The Texas House recently passed multiple gun measures designed to protect Texans from undesired, if not unconstitutional, federal gun laws. Two bills related to federal gun laws, HB 1076 and HB 928, are proceeding and at the time of this writing HB 1076 has passed the final vote in the Texas House, 100-47 and HB 928 has passed as well, 102-31. The bills seek to deny state and local resources for enforcement of federal gun laws and in support of this deny funding to state and local officials that do enforce federal gun laws.
Unfortunately, there is a wealth of misinformation published that obscures the legitimacy of this legislation. For instance, the Dallas Morning News makes numerous claims inconsistent with facts.
Key statements made in this article are incorrect and mislead the reader regarding the content and legitimacy of the bill’s language. Starting in the third paragraph, Ms. Hoppe begins her summary of a “proposal to nullify new federal gun control laws.”. This is in regards to Steve Toth’s HB 1076.

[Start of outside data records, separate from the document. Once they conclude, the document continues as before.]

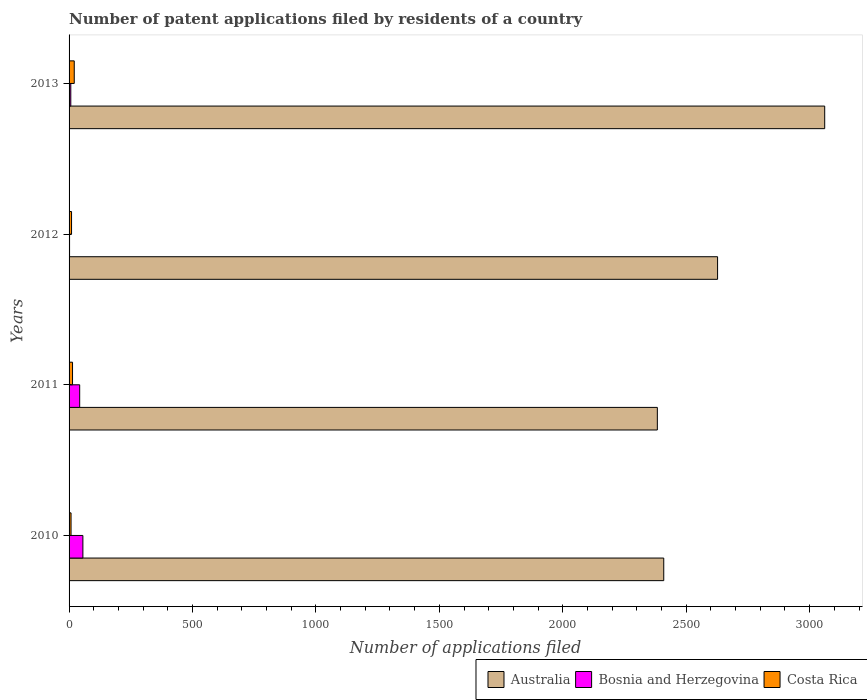How many different coloured bars are there?
Your answer should be very brief. 3. Are the number of bars per tick equal to the number of legend labels?
Your answer should be very brief. Yes. How many bars are there on the 1st tick from the top?
Your response must be concise. 3. In how many cases, is the number of bars for a given year not equal to the number of legend labels?
Give a very brief answer. 0. What is the number of applications filed in Costa Rica in 2013?
Your response must be concise. 21. Across all years, what is the maximum number of applications filed in Costa Rica?
Your answer should be compact. 21. Across all years, what is the minimum number of applications filed in Australia?
Your answer should be very brief. 2383. What is the total number of applications filed in Australia in the graph?
Offer a terse response. 1.05e+04. What is the difference between the number of applications filed in Australia in 2011 and that in 2012?
Ensure brevity in your answer.  -244. What is the difference between the number of applications filed in Australia in 2011 and the number of applications filed in Costa Rica in 2012?
Your answer should be very brief. 2373. What is the average number of applications filed in Costa Rica per year?
Offer a very short reply. 13.25. In the year 2013, what is the difference between the number of applications filed in Bosnia and Herzegovina and number of applications filed in Australia?
Your answer should be very brief. -3054. What is the ratio of the number of applications filed in Australia in 2010 to that in 2012?
Your answer should be very brief. 0.92. What is the difference between the highest and the lowest number of applications filed in Australia?
Provide a short and direct response. 678. In how many years, is the number of applications filed in Costa Rica greater than the average number of applications filed in Costa Rica taken over all years?
Keep it short and to the point. 2. Is the sum of the number of applications filed in Costa Rica in 2012 and 2013 greater than the maximum number of applications filed in Bosnia and Herzegovina across all years?
Ensure brevity in your answer.  No. What does the 2nd bar from the top in 2012 represents?
Your response must be concise. Bosnia and Herzegovina. Is it the case that in every year, the sum of the number of applications filed in Bosnia and Herzegovina and number of applications filed in Costa Rica is greater than the number of applications filed in Australia?
Your answer should be very brief. No. How many bars are there?
Offer a terse response. 12. How many years are there in the graph?
Your answer should be very brief. 4. What is the difference between two consecutive major ticks on the X-axis?
Provide a succinct answer. 500. Are the values on the major ticks of X-axis written in scientific E-notation?
Make the answer very short. No. Does the graph contain grids?
Your answer should be very brief. No. Where does the legend appear in the graph?
Give a very brief answer. Bottom right. How many legend labels are there?
Keep it short and to the point. 3. What is the title of the graph?
Give a very brief answer. Number of patent applications filed by residents of a country. Does "Guam" appear as one of the legend labels in the graph?
Keep it short and to the point. No. What is the label or title of the X-axis?
Keep it short and to the point. Number of applications filed. What is the label or title of the Y-axis?
Keep it short and to the point. Years. What is the Number of applications filed in Australia in 2010?
Make the answer very short. 2409. What is the Number of applications filed of Bosnia and Herzegovina in 2010?
Offer a terse response. 56. What is the Number of applications filed of Australia in 2011?
Keep it short and to the point. 2383. What is the Number of applications filed in Costa Rica in 2011?
Provide a succinct answer. 14. What is the Number of applications filed of Australia in 2012?
Ensure brevity in your answer.  2627. What is the Number of applications filed of Australia in 2013?
Make the answer very short. 3061. What is the Number of applications filed of Bosnia and Herzegovina in 2013?
Provide a short and direct response. 7. Across all years, what is the maximum Number of applications filed in Australia?
Provide a short and direct response. 3061. Across all years, what is the minimum Number of applications filed of Australia?
Your answer should be very brief. 2383. Across all years, what is the minimum Number of applications filed in Bosnia and Herzegovina?
Offer a terse response. 2. Across all years, what is the minimum Number of applications filed in Costa Rica?
Your response must be concise. 8. What is the total Number of applications filed in Australia in the graph?
Keep it short and to the point. 1.05e+04. What is the total Number of applications filed of Bosnia and Herzegovina in the graph?
Keep it short and to the point. 108. What is the difference between the Number of applications filed in Bosnia and Herzegovina in 2010 and that in 2011?
Make the answer very short. 13. What is the difference between the Number of applications filed of Costa Rica in 2010 and that in 2011?
Your response must be concise. -6. What is the difference between the Number of applications filed of Australia in 2010 and that in 2012?
Provide a succinct answer. -218. What is the difference between the Number of applications filed of Bosnia and Herzegovina in 2010 and that in 2012?
Your answer should be compact. 54. What is the difference between the Number of applications filed of Australia in 2010 and that in 2013?
Provide a short and direct response. -652. What is the difference between the Number of applications filed in Australia in 2011 and that in 2012?
Offer a very short reply. -244. What is the difference between the Number of applications filed in Costa Rica in 2011 and that in 2012?
Give a very brief answer. 4. What is the difference between the Number of applications filed in Australia in 2011 and that in 2013?
Keep it short and to the point. -678. What is the difference between the Number of applications filed of Costa Rica in 2011 and that in 2013?
Your answer should be compact. -7. What is the difference between the Number of applications filed of Australia in 2012 and that in 2013?
Make the answer very short. -434. What is the difference between the Number of applications filed of Costa Rica in 2012 and that in 2013?
Offer a terse response. -11. What is the difference between the Number of applications filed of Australia in 2010 and the Number of applications filed of Bosnia and Herzegovina in 2011?
Your response must be concise. 2366. What is the difference between the Number of applications filed of Australia in 2010 and the Number of applications filed of Costa Rica in 2011?
Make the answer very short. 2395. What is the difference between the Number of applications filed of Bosnia and Herzegovina in 2010 and the Number of applications filed of Costa Rica in 2011?
Ensure brevity in your answer.  42. What is the difference between the Number of applications filed of Australia in 2010 and the Number of applications filed of Bosnia and Herzegovina in 2012?
Provide a succinct answer. 2407. What is the difference between the Number of applications filed of Australia in 2010 and the Number of applications filed of Costa Rica in 2012?
Give a very brief answer. 2399. What is the difference between the Number of applications filed of Bosnia and Herzegovina in 2010 and the Number of applications filed of Costa Rica in 2012?
Your answer should be very brief. 46. What is the difference between the Number of applications filed in Australia in 2010 and the Number of applications filed in Bosnia and Herzegovina in 2013?
Offer a very short reply. 2402. What is the difference between the Number of applications filed of Australia in 2010 and the Number of applications filed of Costa Rica in 2013?
Offer a very short reply. 2388. What is the difference between the Number of applications filed in Bosnia and Herzegovina in 2010 and the Number of applications filed in Costa Rica in 2013?
Give a very brief answer. 35. What is the difference between the Number of applications filed of Australia in 2011 and the Number of applications filed of Bosnia and Herzegovina in 2012?
Make the answer very short. 2381. What is the difference between the Number of applications filed of Australia in 2011 and the Number of applications filed of Costa Rica in 2012?
Offer a very short reply. 2373. What is the difference between the Number of applications filed in Australia in 2011 and the Number of applications filed in Bosnia and Herzegovina in 2013?
Make the answer very short. 2376. What is the difference between the Number of applications filed of Australia in 2011 and the Number of applications filed of Costa Rica in 2013?
Offer a very short reply. 2362. What is the difference between the Number of applications filed in Australia in 2012 and the Number of applications filed in Bosnia and Herzegovina in 2013?
Provide a short and direct response. 2620. What is the difference between the Number of applications filed of Australia in 2012 and the Number of applications filed of Costa Rica in 2013?
Give a very brief answer. 2606. What is the average Number of applications filed in Australia per year?
Your answer should be very brief. 2620. What is the average Number of applications filed of Costa Rica per year?
Make the answer very short. 13.25. In the year 2010, what is the difference between the Number of applications filed in Australia and Number of applications filed in Bosnia and Herzegovina?
Ensure brevity in your answer.  2353. In the year 2010, what is the difference between the Number of applications filed in Australia and Number of applications filed in Costa Rica?
Your answer should be very brief. 2401. In the year 2011, what is the difference between the Number of applications filed of Australia and Number of applications filed of Bosnia and Herzegovina?
Make the answer very short. 2340. In the year 2011, what is the difference between the Number of applications filed in Australia and Number of applications filed in Costa Rica?
Ensure brevity in your answer.  2369. In the year 2012, what is the difference between the Number of applications filed of Australia and Number of applications filed of Bosnia and Herzegovina?
Offer a very short reply. 2625. In the year 2012, what is the difference between the Number of applications filed of Australia and Number of applications filed of Costa Rica?
Make the answer very short. 2617. In the year 2013, what is the difference between the Number of applications filed of Australia and Number of applications filed of Bosnia and Herzegovina?
Provide a succinct answer. 3054. In the year 2013, what is the difference between the Number of applications filed of Australia and Number of applications filed of Costa Rica?
Ensure brevity in your answer.  3040. In the year 2013, what is the difference between the Number of applications filed in Bosnia and Herzegovina and Number of applications filed in Costa Rica?
Your response must be concise. -14. What is the ratio of the Number of applications filed of Australia in 2010 to that in 2011?
Your answer should be very brief. 1.01. What is the ratio of the Number of applications filed in Bosnia and Herzegovina in 2010 to that in 2011?
Your response must be concise. 1.3. What is the ratio of the Number of applications filed of Australia in 2010 to that in 2012?
Keep it short and to the point. 0.92. What is the ratio of the Number of applications filed in Bosnia and Herzegovina in 2010 to that in 2012?
Offer a terse response. 28. What is the ratio of the Number of applications filed of Australia in 2010 to that in 2013?
Offer a terse response. 0.79. What is the ratio of the Number of applications filed of Bosnia and Herzegovina in 2010 to that in 2013?
Offer a terse response. 8. What is the ratio of the Number of applications filed in Costa Rica in 2010 to that in 2013?
Your answer should be very brief. 0.38. What is the ratio of the Number of applications filed of Australia in 2011 to that in 2012?
Give a very brief answer. 0.91. What is the ratio of the Number of applications filed in Costa Rica in 2011 to that in 2012?
Ensure brevity in your answer.  1.4. What is the ratio of the Number of applications filed of Australia in 2011 to that in 2013?
Provide a short and direct response. 0.78. What is the ratio of the Number of applications filed of Bosnia and Herzegovina in 2011 to that in 2013?
Your answer should be very brief. 6.14. What is the ratio of the Number of applications filed in Costa Rica in 2011 to that in 2013?
Provide a succinct answer. 0.67. What is the ratio of the Number of applications filed in Australia in 2012 to that in 2013?
Offer a very short reply. 0.86. What is the ratio of the Number of applications filed of Bosnia and Herzegovina in 2012 to that in 2013?
Make the answer very short. 0.29. What is the ratio of the Number of applications filed in Costa Rica in 2012 to that in 2013?
Give a very brief answer. 0.48. What is the difference between the highest and the second highest Number of applications filed in Australia?
Make the answer very short. 434. What is the difference between the highest and the second highest Number of applications filed of Bosnia and Herzegovina?
Your response must be concise. 13. What is the difference between the highest and the lowest Number of applications filed of Australia?
Your answer should be very brief. 678. What is the difference between the highest and the lowest Number of applications filed in Bosnia and Herzegovina?
Your response must be concise. 54. What is the difference between the highest and the lowest Number of applications filed in Costa Rica?
Provide a succinct answer. 13.

Ms. Hoppe states: “Those gun laws not already on the books in Texas couldn’t be enforced here under the sweeping and unadjudicated argument that they wouldn’t be constitutional under the Second Amendment.”
It is true that the legislation would reject local enforcement of federal laws. That is the point of the legislation in general. In contrast to the implication, it is very workable in practice as state laws would be put in place as needed. This allows the Texas legislature to draft gun laws that are consistent with the Texas Constitution.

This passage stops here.